= Point distribution model =

The point distribution model is a model for representing the mean geometry of a shape and some statistical modes of geometric variation inferred from a training set of shapes.

==Background==

The point distribution model concept has been developed by Cootes, Taylor et al. and became a standard in computer vision for the statistical study of shape and for segmentation of medical images where shape priors really help interpretation of noisy and low-contrasted pixels/voxels. The latter point leads to active shape models (ASM) and active appearance models (AAM).

Point distribution models rely on landmark points. A landmark is an annotating point posed by an anatomist onto a given locus for every shape instance across the training set population. For instance, the same landmark will designate the tip of the index finger in a training set of 2D hands outlines. Principal component analysis (PCA), for instance, is a relevant tool for studying correlations of movement between groups of landmarks among the training set population. Typically, it might detect that all the landmarks located along the same finger move exactly together across the training set examples showing different finger spacing for a flat-posed hands collection.

==Details==

First, a set of training images are manually landmarked with enough corresponding landmarks to sufficiently approximate the geometry of the original shapes. These landmarks are aligned using the generalized procrustes analysis, which minimizes the least squared error between the points.
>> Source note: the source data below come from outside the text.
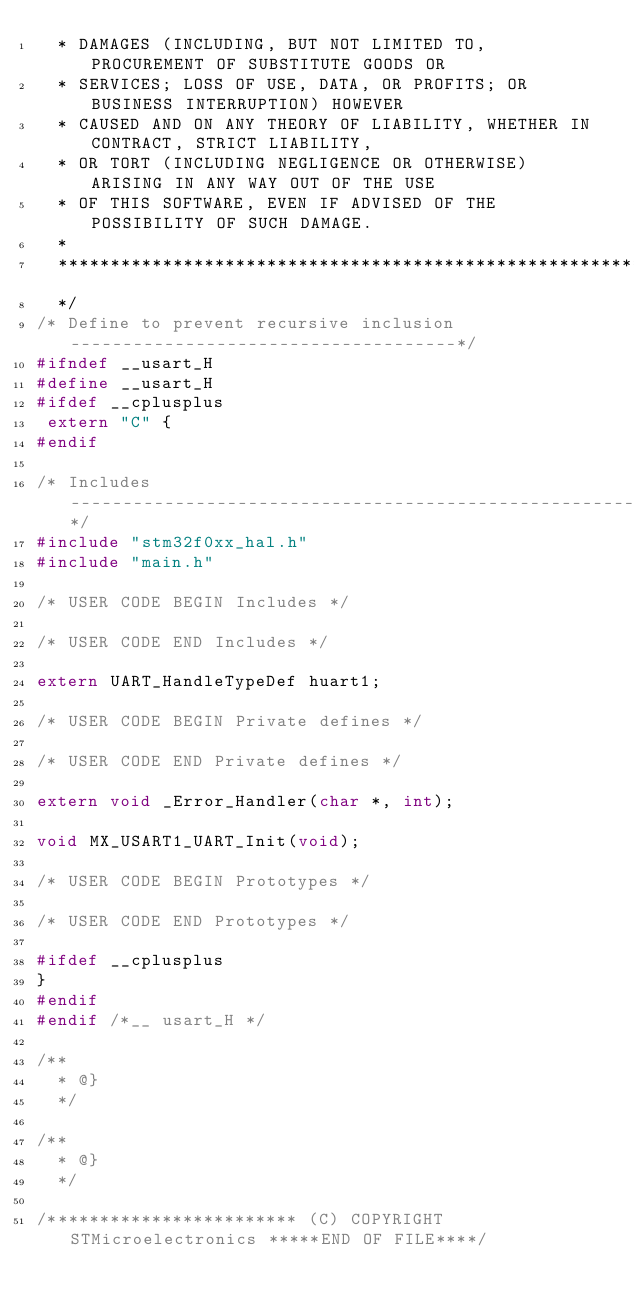<code> <loc_0><loc_0><loc_500><loc_500><_C_>  * DAMAGES (INCLUDING, BUT NOT LIMITED TO, PROCUREMENT OF SUBSTITUTE GOODS OR
  * SERVICES; LOSS OF USE, DATA, OR PROFITS; OR BUSINESS INTERRUPTION) HOWEVER
  * CAUSED AND ON ANY THEORY OF LIABILITY, WHETHER IN CONTRACT, STRICT LIABILITY,
  * OR TORT (INCLUDING NEGLIGENCE OR OTHERWISE) ARISING IN ANY WAY OUT OF THE USE
  * OF THIS SOFTWARE, EVEN IF ADVISED OF THE POSSIBILITY OF SUCH DAMAGE.
  *
  ******************************************************************************
  */
/* Define to prevent recursive inclusion -------------------------------------*/
#ifndef __usart_H
#define __usart_H
#ifdef __cplusplus
 extern "C" {
#endif

/* Includes ------------------------------------------------------------------*/
#include "stm32f0xx_hal.h"
#include "main.h"

/* USER CODE BEGIN Includes */

/* USER CODE END Includes */

extern UART_HandleTypeDef huart1;

/* USER CODE BEGIN Private defines */

/* USER CODE END Private defines */

extern void _Error_Handler(char *, int);

void MX_USART1_UART_Init(void);

/* USER CODE BEGIN Prototypes */

/* USER CODE END Prototypes */

#ifdef __cplusplus
}
#endif
#endif /*__ usart_H */

/**
  * @}
  */

/**
  * @}
  */

/************************ (C) COPYRIGHT STMicroelectronics *****END OF FILE****/
</code>

$k$ aligned landmarks in two dimensions are given as

$\mathbf{X} = (x_1, y_1, \ldots, x_k, y_k)$.

It's important to note that each landmark $i \in \lbrace 1, \ldots k \rbrace$ should represent the same anatomical location. For example, landmark #3, $(x_3, y_3)$ might represent the tip of the ring finger across all training images.

Now the shape outlines are reduced to sequences of $k$ landmarks, so that a given training shape is defined as the vector $\mathbf{X} \in \mathbb{R}^{2k}$. Assuming the scattering is gaussian in this space, PCA is used to compute normalized eigenvectors and eigenvalues of the covariance matrix across all training shapes. The matrix of the top $d$ eigenvectors is given as $\mathbf{P} \in \mathbb{R}^{2k \times d}$, and each eigenvector describes a principal mode of variation along the set.

Finally, a linear combination of the eigenvectors is used to define a new shape $\mathbf{X}'$, mathematically defined as:

$\mathbf{X}' = \overline{\mathbf{X}} + \mathbf{P} \mathbf{b}$

where $\overline{\mathbf{X}}$ is defined as the mean shape across all training images, and $\mathbf{b}$ is a vector of scaling values for each principal component. Therefore, by modifying the variable $\mathbf{b}$ an infinite number of shapes can be defined. To ensure that the new shapes are all within the variation seen in the training set, it is common to only allow each element of $\mathbf{b}$ to be within $\pm$3 standard deviations, where the standard deviation of a given principal component is defined as the square root of its corresponding eigenvalue.

PDM's can be extended to any arbitrary number of dimensions, but are typically used in 2D image and 3D volume applications (where each landmark point is $\mathbb{R}^2$ or $\mathbb{R}^3$).

==Discussion==

An eigenvector, interpreted in euclidean space, can be seen as a sequence of $k$ euclidean vectors associated to corresponding landmark and designating a compound move for the whole shape. Global nonlinear variation is usually well handled provided nonlinear variation is kept to a reasonable level. Typically, a twisting nematode worm is used as an example in the teaching of kernel PCA-based methods.

Due to the PCA properties: eigenvectors are mutually orthogonal, form a basis of the training set cloud in the shape space, and cross at the 0 in this space, which represents the mean shape. Also, PCA is a traditional way of fitting a closed ellipsoid to a Gaussian cloud of points (whatever their dimension): this suggests the concept of bounded variation.

The idea behind PDMs is that eigenvectors can be linearly combined to create an infinity of new shape instances that will 'look like' the one in the training set. The coefficients are bounded alike the values of the corresponding eigenvalues, so as to ensure the generated 2n/3n-dimensional dot will remain into the hyper-ellipsoidal allowed domain—allowable shape domain (ASD).